Similarly, we can consider the sum $e^{17\pi i/60} + e^{37\pi i/60}$. Here it is in the picture:

[asy]
size(200); 
import TrigMacros;
rr_cartesian_axes(-2,2,-1,3,complexplane=true, usegrid = false);
pair O = (0,0); 
pair[] Z; 
for (int i = 0; i < 5; ++i)
{
     Z[i] = dir(30i)*dir(12); 

} 
draw(O--Z[1], blue);
draw(O--Z[3]);
draw(Z[3]--Z[1]+Z[3], blue); 
draw(O--Z[1]+Z[3]); 
dot("$e^{17\pi i/60}$", Z[1], dir(Z[1])); 
dot("$e^{37\pi i/60}$", Z[3], NW); 
dot("$e^{17\pi i/60} + e^{37\pi i/60}$", Z[3]+Z[1], N); 
[/asy]We again have a rhombus, which again means that the sum of the pair has an argument equal to the average of the arguments. That means that the argument of $e^{17\pi i/60} + e^{37 \pi i/60}$ is the average of the arguments of the numbers being added, or in other words is
\[\dfrac{1}{2} \left( \dfrac{17\pi}{60} + \dfrac{37\pi}{60}\right) = \dfrac{27 \pi}{60} = \dfrac{9\pi}{20}.\]Therefore,
\[ e^{17\pi i/ 60} + e^{37 \pi i/60} = r_2 e^{9 \pi i/20},\]for some nonnegative $r_2$.
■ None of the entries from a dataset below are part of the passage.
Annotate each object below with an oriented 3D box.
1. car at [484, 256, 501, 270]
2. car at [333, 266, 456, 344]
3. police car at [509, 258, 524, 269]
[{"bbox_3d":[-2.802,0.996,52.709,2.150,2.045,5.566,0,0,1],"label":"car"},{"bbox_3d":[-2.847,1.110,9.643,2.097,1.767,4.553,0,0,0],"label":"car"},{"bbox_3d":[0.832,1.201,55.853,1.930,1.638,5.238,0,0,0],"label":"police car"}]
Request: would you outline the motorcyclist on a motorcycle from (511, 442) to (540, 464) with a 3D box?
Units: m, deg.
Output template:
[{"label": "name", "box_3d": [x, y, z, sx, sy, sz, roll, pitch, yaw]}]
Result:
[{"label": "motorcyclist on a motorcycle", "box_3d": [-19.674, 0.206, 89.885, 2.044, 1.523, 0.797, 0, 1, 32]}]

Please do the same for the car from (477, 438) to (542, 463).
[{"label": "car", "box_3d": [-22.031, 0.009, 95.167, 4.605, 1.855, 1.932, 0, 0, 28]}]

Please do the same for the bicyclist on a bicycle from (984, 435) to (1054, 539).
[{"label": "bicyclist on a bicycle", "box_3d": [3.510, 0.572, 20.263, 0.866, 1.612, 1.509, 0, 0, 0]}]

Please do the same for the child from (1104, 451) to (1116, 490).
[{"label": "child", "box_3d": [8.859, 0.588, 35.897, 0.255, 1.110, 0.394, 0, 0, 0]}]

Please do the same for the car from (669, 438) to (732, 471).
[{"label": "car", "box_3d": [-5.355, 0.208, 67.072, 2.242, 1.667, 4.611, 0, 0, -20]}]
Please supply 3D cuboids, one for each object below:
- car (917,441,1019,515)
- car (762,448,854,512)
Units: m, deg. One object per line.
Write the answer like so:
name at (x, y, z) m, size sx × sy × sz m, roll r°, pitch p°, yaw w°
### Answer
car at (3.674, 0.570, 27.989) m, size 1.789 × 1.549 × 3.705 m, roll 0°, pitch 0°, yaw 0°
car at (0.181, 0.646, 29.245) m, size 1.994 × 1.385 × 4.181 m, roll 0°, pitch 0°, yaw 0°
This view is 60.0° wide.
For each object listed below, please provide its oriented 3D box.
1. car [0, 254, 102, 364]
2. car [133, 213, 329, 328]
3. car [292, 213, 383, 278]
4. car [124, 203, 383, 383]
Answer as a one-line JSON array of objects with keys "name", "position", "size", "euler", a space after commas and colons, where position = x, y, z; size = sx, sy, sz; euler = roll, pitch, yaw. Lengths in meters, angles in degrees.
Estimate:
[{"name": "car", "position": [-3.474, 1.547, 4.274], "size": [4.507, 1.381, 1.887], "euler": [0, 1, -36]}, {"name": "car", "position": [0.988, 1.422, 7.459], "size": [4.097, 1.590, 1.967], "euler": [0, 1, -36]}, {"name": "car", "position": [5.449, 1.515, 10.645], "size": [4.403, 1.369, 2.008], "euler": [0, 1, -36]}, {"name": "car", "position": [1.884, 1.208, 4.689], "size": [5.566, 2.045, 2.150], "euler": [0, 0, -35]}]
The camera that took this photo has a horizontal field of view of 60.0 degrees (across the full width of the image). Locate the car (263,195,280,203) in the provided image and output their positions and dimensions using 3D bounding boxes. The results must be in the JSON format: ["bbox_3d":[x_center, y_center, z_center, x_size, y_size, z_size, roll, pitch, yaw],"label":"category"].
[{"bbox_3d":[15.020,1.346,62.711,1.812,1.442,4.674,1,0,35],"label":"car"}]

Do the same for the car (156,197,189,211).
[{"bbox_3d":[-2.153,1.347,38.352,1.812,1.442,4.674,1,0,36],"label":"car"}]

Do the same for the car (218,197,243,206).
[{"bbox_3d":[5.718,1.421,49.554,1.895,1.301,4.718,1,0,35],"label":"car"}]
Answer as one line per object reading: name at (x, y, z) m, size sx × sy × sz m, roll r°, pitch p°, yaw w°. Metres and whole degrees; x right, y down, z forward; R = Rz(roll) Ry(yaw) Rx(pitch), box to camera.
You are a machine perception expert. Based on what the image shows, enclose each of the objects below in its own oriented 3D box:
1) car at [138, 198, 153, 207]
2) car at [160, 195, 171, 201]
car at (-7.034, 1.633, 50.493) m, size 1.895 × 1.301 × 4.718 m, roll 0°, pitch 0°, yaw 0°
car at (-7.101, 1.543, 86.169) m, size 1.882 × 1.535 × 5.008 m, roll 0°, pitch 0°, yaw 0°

Finally, our middle number is $e^{27\pi i/60} = e^{9\pi i/20}$, simplifying the fraction. Now we're adding up three numbers with argument $e^{9\pi i/20}$, which gives another number with the same argument. To be more precise, we have that
\begin{align*} 
e^{7\pi i/60} + e^{17\pi i/60} + e^{27 \pi i/60} + e^{37\pi i /60} + e^{47 \pi i /60} &= (e^{7\pi i/60} + e^{47\pi i/60}) + e^{27 \pi i/60} + (e^{37\pi i /60} + e^{47 \pi i /60})  \\
&= r_1 e^{9\pi i/20} + e^{9\pi i/20} + r_2 e^{9\pi i/20} \\
&= (r_1 +r_2 + 1) e^{9\pi i/20},
\end{align*}which gives that the argument of our sum is $\boxed{\dfrac{9\pi}{20}}$.